The thesis deals with the establishment of a test environment for the implementation of active production, storage, and consumption using a smart home system. The system includes a small-scale solar power plant, a battery storage unit, and electrical consumers. The consumers are selected household appliances that represent major consumers in households and are therefore the subject of consideration. The consumers have built-in connectivity with the smart grid, allowing for active consumption management. Connectivity and integration are provided by the open-source Home Assistant system, which integrates all parts of the smart home. The air conditioning unit, which is part of the system, contains an ESP8266 communication module with ESPhome software installed, ensuring temperature control and operation of the air conditioning unit. At the same time, it returns room temperature data to the home automation system. The purpose of such a system is to optimize production, consumption, charging, and storage of energy. The system represents an alternative to existing household self-sufficient power systems. The advantages of such a system are lower grid loads and higher energy utilization at the production site.
It describes the planning and setup of the system, its operation, and the connection of the system into a functioning whole. The system also includes a battery storage unit to ensure the highest possible self-sufficiency with electrical energy. The principles of integrating the system into the smart home and automating consumers, as well as production forecasting for consumption optimization, are presented. Methods of managing the solar power plant inverter for changing operation and switching battery charging and discharging are presented.
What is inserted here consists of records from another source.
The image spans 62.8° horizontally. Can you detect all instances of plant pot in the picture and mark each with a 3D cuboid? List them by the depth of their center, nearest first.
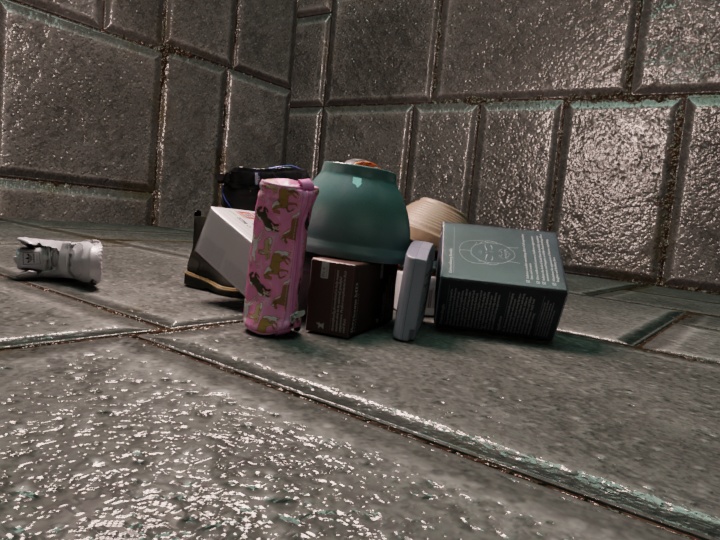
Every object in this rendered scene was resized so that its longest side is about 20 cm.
[{"bbox_3d":[-0.010,-0.094,0.920,0.194,0.138,0.200,9,7,-1],"label":"plant pot"},{"bbox_3d":[0.146,-0.077,1.142,0.197,0.095,0.201,25,-1,0],"label":"plant pot"}]

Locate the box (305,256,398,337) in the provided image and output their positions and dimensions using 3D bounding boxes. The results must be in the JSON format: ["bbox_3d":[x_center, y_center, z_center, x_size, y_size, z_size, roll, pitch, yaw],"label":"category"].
[{"bbox_3d":[-0.007,0.032,0.887,0.073,0.103,0.199,8,6,22],"label":"box"}]

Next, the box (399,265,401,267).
[{"bbox_3d":[0.000,0.000,1.188,0.135,0.038,0.200,-33,11,-5],"label":"box"}]

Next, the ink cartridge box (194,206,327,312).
[{"bbox_3d":[-0.141,-0.016,0.977,0.199,0.085,0.174,37,20,29],"label":"ink cartridge box"}]

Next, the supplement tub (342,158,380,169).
[{"bbox_3d":[-0.021,-0.154,1.200,0.119,0.126,0.199,4,-2,-19],"label":"supplement tub"}]

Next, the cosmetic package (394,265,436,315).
[{"bbox_3d":[0.104,0.035,1.146,0.098,0.073,0.200,5,5,-12],"label":"cosmetic package"}]

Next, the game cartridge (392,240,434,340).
[{"bbox_3d":[0.085,0.023,0.904,0.039,0.137,0.200,14,6,9],"label":"game cartridge"}]

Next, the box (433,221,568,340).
[{"bbox_3d":[0.222,0.014,0.968,0.194,0.109,0.150,7,41,6],"label":"box"}]

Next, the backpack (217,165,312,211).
[{"bbox_3d":[-0.168,-0.110,1.178,0.187,0.204,0.154,-22,-6,-18],"label":"backpack"}]

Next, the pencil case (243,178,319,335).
[{"bbox_3d":[-0.105,-0.020,0.775,0.084,0.206,0.083,7,6,3],"label":"pencil case"}]

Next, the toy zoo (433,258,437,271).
[{"bbox_3d":[0.121,-0.021,1.164,0.128,0.021,0.200,23,1,-10],"label":"toy zoo"}]

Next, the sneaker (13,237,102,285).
[{"bbox_3d":[-0.510,-0.015,0.993,0.113,0.078,0.197,1,2,-40],"label":"sneaker"}]

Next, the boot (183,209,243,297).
[{"bbox_3d":[-0.242,-0.031,1.083,0.195,0.143,0.077,9,6,23],"label":"boot"}]
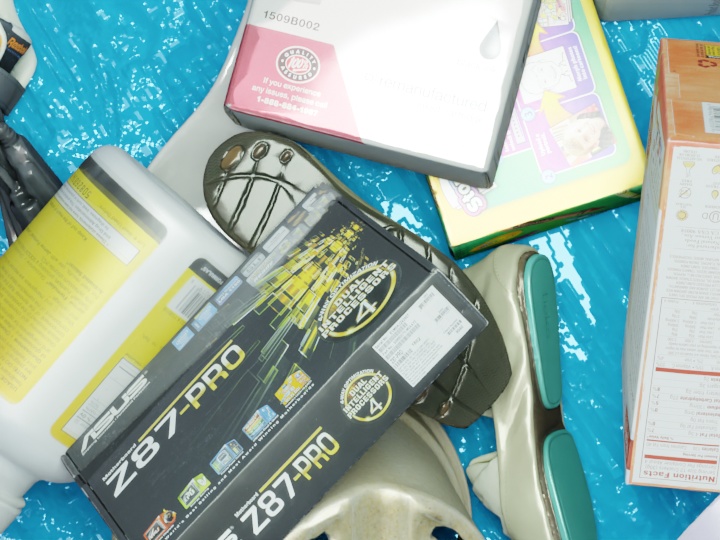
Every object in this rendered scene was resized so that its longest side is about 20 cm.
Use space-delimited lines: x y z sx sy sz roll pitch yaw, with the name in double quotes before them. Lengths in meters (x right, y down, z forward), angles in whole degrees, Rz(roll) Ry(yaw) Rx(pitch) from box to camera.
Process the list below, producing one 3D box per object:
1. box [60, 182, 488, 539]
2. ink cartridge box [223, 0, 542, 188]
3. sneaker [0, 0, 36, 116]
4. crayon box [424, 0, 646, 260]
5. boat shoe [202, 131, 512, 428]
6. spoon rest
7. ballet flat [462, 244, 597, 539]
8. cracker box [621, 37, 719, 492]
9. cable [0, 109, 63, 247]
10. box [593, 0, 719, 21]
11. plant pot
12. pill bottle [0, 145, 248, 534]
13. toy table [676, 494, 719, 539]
"box" -0.046 0.060 1.313 0.200 0.161 0.049 -46 115 -1
"ink cartridge box" 0.024 -0.159 1.412 0.146 0.083 0.200 14 86 5
"sneaker" -0.227 -0.101 1.479 0.079 0.078 0.200 6 84 8
"crayon box" 0.075 -0.119 1.478 0.119 0.058 0.200 -18 85 1
"boat shoe" 0.000 0.000 1.432 0.076 0.074 0.200 -44 92 -1
"spoon rest" -0.071 -0.067 1.479 0.099 0.061 0.200 14 85 4
"ballet flat" 0.086 0.087 1.465 0.069 0.069 0.200 -8 83 2
"cracker box" 0.173 -0.003 1.387 0.058 0.134 0.200 5 118 2
"cable" -0.241 -0.020 1.434 0.163 0.051 0.200 -42 128 -6
"box" 0.203 -0.249 1.413 0.171 0.199 0.200 -4 84 2
"plant pot" -0.014 0.157 1.367 0.200 0.183 0.200 -2 100 -14
"pill bottle" -0.157 0.040 1.411 0.112 0.112 0.200 41 90 5
"toy table" 0.258 0.143 1.399 0.200 0.184 0.117 -42 71 -2
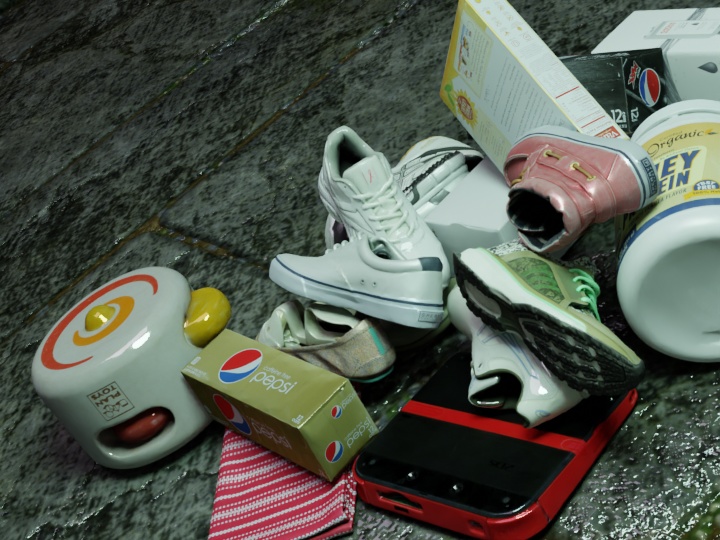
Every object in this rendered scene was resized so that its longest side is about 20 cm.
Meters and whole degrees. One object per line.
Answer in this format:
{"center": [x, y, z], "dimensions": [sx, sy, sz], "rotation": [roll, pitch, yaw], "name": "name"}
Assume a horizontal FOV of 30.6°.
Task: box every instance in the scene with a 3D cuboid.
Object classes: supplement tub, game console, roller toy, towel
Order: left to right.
{"center": [-0.224, 0.091, 1.307], "dimensions": [0.200, 0.140, 0.183], "rotation": [5, 46, 50], "name": "roller toy"}
{"center": [-0.068, 0.176, 1.176], "dimensions": [0.144, 0.023, 0.200], "rotation": [-21, 31, 15], "name": "towel"}
{"center": [0.105, 0.140, 1.082], "dimensions": [0.200, 0.031, 0.177], "rotation": [8, 41, 46], "name": "game console"}
{"center": [0.280, -0.038, 1.078], "dimensions": [0.144, 0.145, 0.200], "rotation": [-17, 32, 20], "name": "supplement tub"}

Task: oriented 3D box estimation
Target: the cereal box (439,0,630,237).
{"center": [0.148, -0.137, 1.168], "dimensions": [0.039, 0.144, 0.200], "rotation": [-27, 66, -21], "name": "cereal box"}

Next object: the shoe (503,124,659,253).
{"center": [0.147, -0.067, 1.062], "dimensions": [0.091, 0.072, 0.200], "rotation": [-26, 16, -18], "name": "shoe"}

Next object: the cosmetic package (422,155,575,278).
{"center": [0.169, -0.076, 1.289], "dimensions": [0.200, 0.085, 0.107], "rotation": [-45, 34, -24], "name": "cosmetic package"}

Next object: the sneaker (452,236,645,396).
{"center": [0.157, 0.019, 1.015], "dimensions": [0.088, 0.077, 0.200], "rotation": [-35, 43, -16], "name": "sneaker"}

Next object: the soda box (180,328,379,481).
{"center": [-0.076, 0.117, 1.181], "dimensions": [0.064, 0.068, 0.200], "rotation": [-43, 33, -23], "name": "soda box"}

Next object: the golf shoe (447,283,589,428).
{"center": [0.114, 0.066, 1.098], "dimensions": [0.097, 0.078, 0.200], "rotation": [-38, 29, -14], "name": "golf shoe"}

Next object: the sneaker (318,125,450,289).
{"center": [0.014, -0.057, 1.241], "dimensions": [0.078, 0.100, 0.200], "rotation": [-31, 58, -13], "name": "sneaker"}

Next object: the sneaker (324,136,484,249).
{"center": [0.050, -0.076, 1.400], "dimensions": [0.200, 0.076, 0.088], "rotation": [-41, 32, -18], "name": "sneaker"}

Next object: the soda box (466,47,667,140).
{"center": [0.187, -0.163, 1.231], "dimensions": [0.063, 0.071, 0.200], "rotation": [-18, 14, -40], "name": "soda box"}

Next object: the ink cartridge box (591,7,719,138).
{"center": [0.330, -0.160, 1.216], "dimensions": [0.083, 0.147, 0.200], "rotation": [-42, 31, -28], "name": "ink cartridge box"}

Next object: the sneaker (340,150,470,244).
{"center": [0.044, -0.032, 1.336], "dimensions": [0.200, 0.080, 0.074], "rotation": [-38, 8, 5], "name": "sneaker"}

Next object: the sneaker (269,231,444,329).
{"center": [0.000, 0.000, 1.201], "dimensions": [0.199, 0.073, 0.071], "rotation": [14, 94, 38], "name": "sneaker"}

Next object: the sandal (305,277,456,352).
{"center": [0.015, 0.037, 1.277], "dimensions": [0.200, 0.057, 0.080], "rotation": [-10, 36, 31], "name": "sandal"}

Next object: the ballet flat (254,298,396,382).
{"center": [-0.046, 0.061, 1.244], "dimensions": [0.199, 0.067, 0.068], "rotation": [-1, 28, 44], "name": "ballet flat"}
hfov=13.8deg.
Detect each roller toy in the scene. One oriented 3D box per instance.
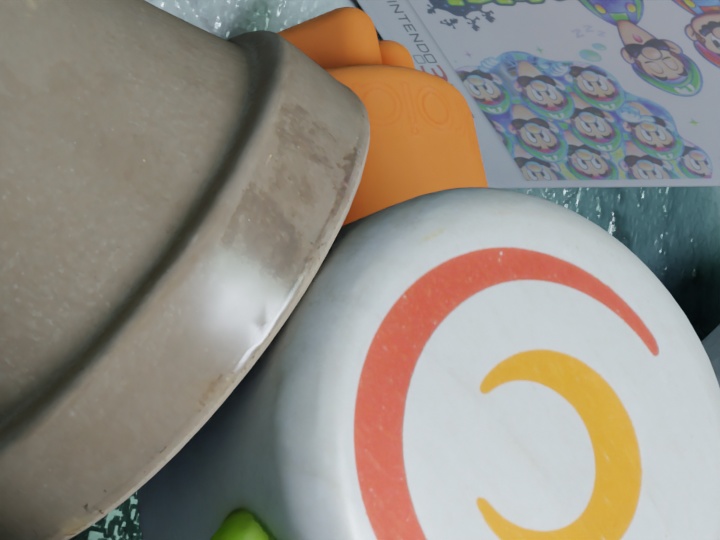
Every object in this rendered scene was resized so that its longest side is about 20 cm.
[{"bbox_3d":[0.025,0.073,1.022,0.199,0.140,0.184,14,71,-28],"label":"roller toy"}]

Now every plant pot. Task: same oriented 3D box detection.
[{"bbox_3d":[-0.124,-0.033,0.999,0.174,0.200,0.201,40,65,-19],"label":"plant pot"}]

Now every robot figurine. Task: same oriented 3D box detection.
[{"bbox_3d":[-0.001,0.000,1.170,0.116,0.144,0.201,-5,67,-17],"label":"robot figurine"}]

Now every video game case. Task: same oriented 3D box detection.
[{"bbox_3d":[0.099,-0.097,1.237,0.182,0.199,0.024,53,48,-41],"label":"video game case"}]

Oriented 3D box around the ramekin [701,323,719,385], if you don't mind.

The goal is to establish a system within the smart home framework that will allow for further development of the system, which will be automated and will provide automatic switching and decisions on when to use which source of electrical energy to power the household. This will ensure the highest possible level of self-sufficiency, and when this is not possible due to a lack of solar energy, it will compensate for the shortfall from the grid. Currently, system switches are performed manually based on data provided by the home automation system.
|